JAKARTA - Elon Musk's warning about developing artificial intelligence (AI) and robotics outside Tesla, unless he gains more voting control, could violate his duties as CEO and raise questions about the company's valuation. This is what governance experts and analysts say.
The loudmouth billionaire said Monday January 15 that he would be "uncomfortable" building Tesla into a technology leader unless he had about 25% voting control of the company.
"Enough to be influential, but not so much that I can't be overthrown. Unless that happens, I'd rather build products outside of Tesla," he said on his X social media. Tesla shares (TSLA.O) rose about half a percent to 219.91 US dollars.

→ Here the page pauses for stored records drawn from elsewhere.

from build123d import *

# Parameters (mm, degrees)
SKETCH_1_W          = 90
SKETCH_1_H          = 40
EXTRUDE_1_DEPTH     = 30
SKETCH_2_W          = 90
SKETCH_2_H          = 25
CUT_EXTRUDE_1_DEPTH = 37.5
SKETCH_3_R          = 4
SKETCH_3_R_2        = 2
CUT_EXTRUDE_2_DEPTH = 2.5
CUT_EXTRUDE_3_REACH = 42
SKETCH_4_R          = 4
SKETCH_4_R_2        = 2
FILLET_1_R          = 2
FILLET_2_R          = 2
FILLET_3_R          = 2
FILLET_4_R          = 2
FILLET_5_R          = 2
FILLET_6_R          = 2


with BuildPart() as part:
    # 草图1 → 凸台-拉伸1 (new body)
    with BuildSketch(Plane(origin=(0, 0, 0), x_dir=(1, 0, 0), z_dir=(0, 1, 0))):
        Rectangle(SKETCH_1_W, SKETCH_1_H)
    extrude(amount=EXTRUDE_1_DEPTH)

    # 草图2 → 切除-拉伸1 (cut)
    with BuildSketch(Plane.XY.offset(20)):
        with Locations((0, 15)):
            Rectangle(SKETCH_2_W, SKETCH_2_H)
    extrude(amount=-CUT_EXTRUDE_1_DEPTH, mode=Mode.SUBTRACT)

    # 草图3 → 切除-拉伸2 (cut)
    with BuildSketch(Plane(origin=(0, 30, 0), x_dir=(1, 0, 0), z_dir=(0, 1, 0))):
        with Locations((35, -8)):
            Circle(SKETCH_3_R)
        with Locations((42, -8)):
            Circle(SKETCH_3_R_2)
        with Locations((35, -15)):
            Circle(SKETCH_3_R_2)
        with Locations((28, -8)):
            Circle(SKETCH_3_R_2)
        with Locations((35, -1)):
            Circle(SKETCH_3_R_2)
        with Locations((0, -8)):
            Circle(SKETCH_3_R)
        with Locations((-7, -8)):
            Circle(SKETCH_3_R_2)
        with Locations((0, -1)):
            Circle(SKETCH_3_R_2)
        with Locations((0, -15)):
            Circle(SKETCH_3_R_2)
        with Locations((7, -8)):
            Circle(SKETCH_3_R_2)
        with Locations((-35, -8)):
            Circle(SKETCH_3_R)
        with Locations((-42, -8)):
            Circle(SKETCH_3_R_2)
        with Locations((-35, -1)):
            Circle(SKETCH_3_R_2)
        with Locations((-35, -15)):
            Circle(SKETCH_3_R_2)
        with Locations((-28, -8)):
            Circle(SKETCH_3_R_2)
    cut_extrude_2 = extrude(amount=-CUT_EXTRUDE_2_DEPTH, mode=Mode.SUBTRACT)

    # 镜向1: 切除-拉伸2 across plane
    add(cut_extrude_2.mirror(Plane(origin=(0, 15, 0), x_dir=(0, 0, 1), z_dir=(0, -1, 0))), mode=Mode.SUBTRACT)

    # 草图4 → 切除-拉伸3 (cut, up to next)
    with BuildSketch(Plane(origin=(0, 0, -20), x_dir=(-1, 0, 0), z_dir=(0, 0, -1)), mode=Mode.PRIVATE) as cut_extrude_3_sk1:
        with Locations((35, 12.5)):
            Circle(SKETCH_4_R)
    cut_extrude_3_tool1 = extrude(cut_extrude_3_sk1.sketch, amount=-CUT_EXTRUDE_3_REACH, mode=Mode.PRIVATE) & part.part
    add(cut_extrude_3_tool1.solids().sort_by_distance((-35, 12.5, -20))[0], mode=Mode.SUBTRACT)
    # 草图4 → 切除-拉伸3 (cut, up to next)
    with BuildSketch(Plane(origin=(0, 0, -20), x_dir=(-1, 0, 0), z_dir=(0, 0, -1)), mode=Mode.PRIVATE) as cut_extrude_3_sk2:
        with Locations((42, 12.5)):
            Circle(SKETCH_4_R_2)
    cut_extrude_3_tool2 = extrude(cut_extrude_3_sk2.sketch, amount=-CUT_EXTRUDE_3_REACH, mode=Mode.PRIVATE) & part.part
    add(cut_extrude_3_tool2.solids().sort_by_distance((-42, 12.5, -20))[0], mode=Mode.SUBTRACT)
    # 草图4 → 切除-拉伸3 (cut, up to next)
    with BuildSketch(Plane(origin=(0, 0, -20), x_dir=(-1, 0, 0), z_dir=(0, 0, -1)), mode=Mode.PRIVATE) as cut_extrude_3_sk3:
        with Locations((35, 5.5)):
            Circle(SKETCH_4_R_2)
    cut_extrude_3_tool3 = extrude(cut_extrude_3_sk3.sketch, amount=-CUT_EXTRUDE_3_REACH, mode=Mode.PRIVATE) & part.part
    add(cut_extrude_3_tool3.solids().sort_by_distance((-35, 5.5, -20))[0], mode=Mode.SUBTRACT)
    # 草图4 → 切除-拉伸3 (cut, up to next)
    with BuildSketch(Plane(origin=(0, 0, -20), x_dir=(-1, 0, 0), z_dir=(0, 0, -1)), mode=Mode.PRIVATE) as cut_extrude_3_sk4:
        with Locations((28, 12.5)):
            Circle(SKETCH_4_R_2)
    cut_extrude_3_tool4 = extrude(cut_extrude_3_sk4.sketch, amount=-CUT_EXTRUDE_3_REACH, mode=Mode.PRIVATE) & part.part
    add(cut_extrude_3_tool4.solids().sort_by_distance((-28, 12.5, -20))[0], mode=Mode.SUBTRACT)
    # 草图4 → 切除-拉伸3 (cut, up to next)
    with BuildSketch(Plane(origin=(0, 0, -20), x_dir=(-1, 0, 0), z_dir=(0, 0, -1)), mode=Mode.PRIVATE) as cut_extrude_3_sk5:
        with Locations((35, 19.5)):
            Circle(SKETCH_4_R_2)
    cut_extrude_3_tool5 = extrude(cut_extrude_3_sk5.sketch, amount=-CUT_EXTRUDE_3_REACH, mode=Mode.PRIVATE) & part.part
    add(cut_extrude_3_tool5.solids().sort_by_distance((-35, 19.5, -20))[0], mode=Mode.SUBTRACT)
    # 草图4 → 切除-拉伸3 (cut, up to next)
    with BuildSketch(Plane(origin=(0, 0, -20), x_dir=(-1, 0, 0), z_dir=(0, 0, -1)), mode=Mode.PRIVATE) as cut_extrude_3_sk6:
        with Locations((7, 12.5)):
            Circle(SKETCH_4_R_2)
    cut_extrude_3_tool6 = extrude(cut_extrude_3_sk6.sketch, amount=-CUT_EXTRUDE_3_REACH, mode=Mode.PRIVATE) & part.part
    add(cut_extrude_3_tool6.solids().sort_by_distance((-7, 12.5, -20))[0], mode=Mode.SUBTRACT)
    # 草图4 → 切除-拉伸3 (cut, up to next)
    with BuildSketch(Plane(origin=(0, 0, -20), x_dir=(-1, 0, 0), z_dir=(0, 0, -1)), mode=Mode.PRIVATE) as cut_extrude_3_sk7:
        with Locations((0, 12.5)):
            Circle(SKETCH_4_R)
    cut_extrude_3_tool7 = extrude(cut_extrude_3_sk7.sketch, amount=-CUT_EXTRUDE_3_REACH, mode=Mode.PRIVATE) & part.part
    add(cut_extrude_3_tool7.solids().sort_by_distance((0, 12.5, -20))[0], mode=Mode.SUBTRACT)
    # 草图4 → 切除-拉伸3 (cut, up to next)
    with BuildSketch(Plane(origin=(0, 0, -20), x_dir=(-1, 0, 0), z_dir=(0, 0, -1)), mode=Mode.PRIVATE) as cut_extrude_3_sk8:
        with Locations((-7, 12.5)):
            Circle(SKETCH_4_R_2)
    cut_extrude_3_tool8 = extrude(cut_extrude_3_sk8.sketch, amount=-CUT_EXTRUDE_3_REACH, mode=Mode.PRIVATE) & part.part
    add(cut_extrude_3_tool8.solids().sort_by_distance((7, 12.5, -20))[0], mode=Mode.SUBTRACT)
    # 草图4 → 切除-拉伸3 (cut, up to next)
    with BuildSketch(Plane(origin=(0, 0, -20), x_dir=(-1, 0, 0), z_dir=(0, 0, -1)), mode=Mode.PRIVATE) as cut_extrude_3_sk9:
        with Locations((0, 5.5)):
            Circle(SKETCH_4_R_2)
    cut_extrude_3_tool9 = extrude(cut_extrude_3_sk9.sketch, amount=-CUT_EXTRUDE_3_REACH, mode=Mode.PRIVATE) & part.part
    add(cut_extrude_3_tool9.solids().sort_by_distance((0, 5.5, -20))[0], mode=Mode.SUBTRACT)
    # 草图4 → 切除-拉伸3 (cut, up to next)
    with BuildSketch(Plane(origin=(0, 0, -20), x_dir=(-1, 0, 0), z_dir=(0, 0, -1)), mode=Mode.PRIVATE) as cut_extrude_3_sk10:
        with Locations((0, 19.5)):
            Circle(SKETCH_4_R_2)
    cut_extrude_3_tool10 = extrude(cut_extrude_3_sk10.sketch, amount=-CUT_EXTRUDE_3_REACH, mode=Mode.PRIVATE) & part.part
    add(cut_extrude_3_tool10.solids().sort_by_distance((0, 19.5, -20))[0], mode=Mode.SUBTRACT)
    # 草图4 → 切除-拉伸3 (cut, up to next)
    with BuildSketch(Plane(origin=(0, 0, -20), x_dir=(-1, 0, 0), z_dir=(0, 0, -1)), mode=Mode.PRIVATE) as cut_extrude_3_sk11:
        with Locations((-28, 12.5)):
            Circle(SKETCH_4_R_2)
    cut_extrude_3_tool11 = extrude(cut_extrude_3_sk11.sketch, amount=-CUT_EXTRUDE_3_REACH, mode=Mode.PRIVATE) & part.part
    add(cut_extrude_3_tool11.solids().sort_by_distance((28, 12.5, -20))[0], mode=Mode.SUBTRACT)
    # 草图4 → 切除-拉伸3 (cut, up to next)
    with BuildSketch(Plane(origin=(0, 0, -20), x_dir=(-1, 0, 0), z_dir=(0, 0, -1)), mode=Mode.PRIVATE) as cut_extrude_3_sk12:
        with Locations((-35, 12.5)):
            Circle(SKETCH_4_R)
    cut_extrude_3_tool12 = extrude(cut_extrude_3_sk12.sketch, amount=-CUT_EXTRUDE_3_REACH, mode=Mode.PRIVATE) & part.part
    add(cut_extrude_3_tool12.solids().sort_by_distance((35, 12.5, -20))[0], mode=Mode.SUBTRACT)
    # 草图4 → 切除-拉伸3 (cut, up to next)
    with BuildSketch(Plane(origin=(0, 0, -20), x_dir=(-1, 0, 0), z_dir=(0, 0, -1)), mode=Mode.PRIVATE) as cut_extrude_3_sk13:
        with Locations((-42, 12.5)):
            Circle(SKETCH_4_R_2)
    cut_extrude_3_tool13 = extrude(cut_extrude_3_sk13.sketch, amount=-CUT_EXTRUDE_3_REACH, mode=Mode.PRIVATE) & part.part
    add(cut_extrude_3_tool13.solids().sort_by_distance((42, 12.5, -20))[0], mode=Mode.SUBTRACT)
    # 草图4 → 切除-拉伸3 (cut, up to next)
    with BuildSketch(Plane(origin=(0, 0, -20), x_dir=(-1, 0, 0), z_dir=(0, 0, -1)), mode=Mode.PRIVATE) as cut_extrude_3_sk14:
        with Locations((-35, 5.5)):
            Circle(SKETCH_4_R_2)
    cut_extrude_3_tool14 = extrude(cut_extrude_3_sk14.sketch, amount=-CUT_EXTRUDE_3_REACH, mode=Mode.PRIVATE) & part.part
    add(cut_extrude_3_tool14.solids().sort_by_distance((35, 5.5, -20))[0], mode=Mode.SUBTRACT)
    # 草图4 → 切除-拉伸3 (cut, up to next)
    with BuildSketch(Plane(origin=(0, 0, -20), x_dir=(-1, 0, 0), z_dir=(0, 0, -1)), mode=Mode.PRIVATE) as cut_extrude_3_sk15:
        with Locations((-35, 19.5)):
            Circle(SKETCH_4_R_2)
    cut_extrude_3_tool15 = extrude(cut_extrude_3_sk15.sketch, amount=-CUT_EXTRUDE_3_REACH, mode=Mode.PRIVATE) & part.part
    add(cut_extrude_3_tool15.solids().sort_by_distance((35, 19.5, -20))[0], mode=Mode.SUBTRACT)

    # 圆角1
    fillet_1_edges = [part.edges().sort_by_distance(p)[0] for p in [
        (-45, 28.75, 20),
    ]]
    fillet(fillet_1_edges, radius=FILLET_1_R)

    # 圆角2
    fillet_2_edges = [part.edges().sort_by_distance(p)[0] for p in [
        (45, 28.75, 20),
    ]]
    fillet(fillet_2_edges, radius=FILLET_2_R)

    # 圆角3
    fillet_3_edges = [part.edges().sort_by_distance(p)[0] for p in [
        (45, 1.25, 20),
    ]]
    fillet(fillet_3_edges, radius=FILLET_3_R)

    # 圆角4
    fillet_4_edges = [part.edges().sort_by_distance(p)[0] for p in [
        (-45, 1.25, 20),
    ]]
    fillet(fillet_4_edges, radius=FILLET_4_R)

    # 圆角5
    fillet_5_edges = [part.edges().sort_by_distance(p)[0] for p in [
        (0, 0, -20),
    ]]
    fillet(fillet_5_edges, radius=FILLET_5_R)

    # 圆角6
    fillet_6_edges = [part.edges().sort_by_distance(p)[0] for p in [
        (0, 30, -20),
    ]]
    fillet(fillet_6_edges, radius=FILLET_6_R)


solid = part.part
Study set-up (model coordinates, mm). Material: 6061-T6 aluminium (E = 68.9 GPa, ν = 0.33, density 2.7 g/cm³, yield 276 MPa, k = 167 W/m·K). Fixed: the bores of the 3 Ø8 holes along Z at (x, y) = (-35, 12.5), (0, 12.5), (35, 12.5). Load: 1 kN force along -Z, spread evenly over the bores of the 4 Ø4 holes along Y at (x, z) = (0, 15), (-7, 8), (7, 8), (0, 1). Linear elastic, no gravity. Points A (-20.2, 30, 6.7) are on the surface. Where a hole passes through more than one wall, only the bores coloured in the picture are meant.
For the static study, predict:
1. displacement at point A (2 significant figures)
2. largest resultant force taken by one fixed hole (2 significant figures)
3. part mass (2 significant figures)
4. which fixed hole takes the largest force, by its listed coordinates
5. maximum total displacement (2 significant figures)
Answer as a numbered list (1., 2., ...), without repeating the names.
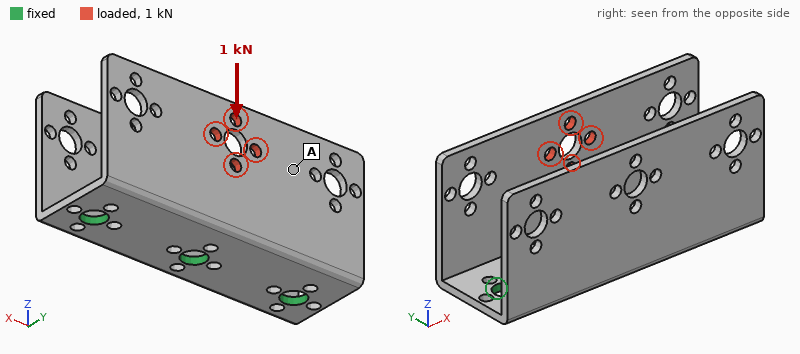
1. 0.43 mm
2. 430 N
3. 57 g
4. (0, 12.5)
5. 0.62 mm
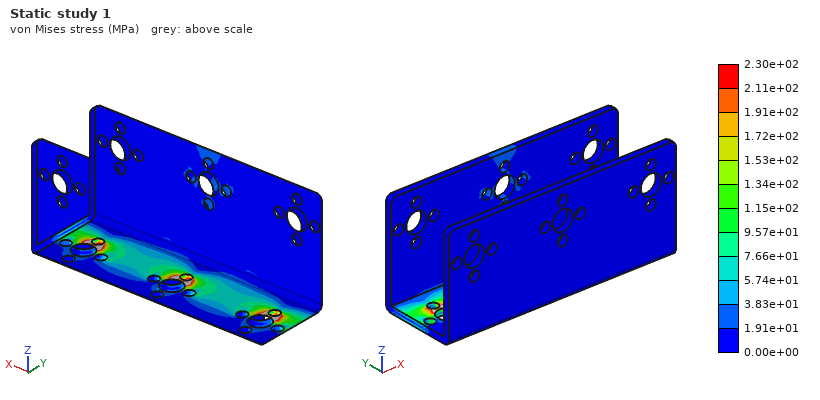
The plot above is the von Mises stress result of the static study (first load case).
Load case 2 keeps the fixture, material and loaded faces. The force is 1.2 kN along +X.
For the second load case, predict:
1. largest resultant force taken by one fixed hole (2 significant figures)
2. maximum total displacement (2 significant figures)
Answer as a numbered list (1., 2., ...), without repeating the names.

1. 620 N
2. 0.44 mm
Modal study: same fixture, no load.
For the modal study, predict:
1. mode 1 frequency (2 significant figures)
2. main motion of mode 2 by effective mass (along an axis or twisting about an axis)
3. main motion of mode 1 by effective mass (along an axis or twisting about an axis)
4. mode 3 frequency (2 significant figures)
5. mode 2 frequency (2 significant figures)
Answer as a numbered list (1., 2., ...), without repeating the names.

1. 900 Hz
2. along Y
3. along Y
4. 1500 Hz
5. 1000 Hz
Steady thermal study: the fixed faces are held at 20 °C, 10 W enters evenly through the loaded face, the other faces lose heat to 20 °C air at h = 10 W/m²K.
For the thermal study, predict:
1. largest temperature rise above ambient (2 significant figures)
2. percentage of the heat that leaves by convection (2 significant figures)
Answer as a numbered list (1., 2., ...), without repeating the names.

1. 18 K
2. 8.0 %
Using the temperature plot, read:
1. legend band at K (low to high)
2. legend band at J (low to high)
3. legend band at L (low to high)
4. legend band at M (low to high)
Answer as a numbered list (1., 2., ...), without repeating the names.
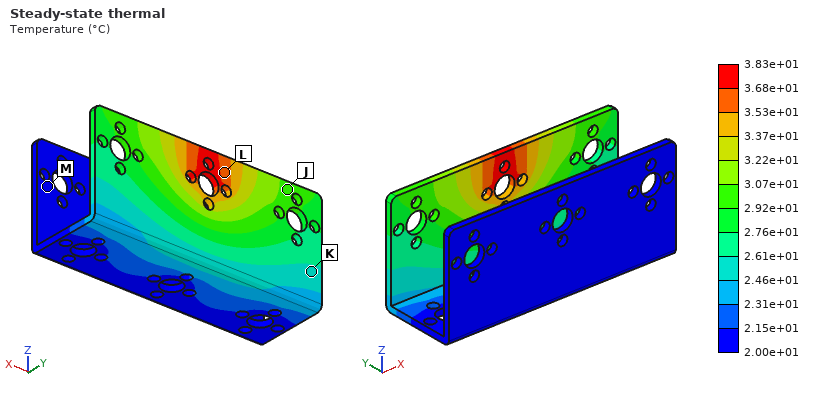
1. 2.46e+01 to 2.61e+01 °C
2. 2.92e+01 to 3.07e+01 °C
3. 3.53e+01 to 3.68e+01 °C
4. 2.00e+01 to 2.15e+01 °C

The move marks a sudden change for Musk, who has long promoted Tesla as an “AI/robotics company” because of its partially automated “Full Self-Driving” software and humanoid robot prototypes.
"The problem is that his tweets suggest that in his current capacity as CEO and chairman, he is not only denying Tesla profitable opportunities based on his personal preferences, but also diverting them to his own private companies," said Ann Lipton, a professor at Tulane Law School.
"This is a conflict of interest that represents a breach of his obligations as trustee to Tesla," Lipton said.
Some analysts also said that a move to move technology development outside of Tesla would only hurt the value of its shares by eliminating potential growth opportunities.
CEOs and directors are prohibited from taking business opportunities for themselves that are owned by the company, according to a legal principle called the corporate business opportunity doctrine.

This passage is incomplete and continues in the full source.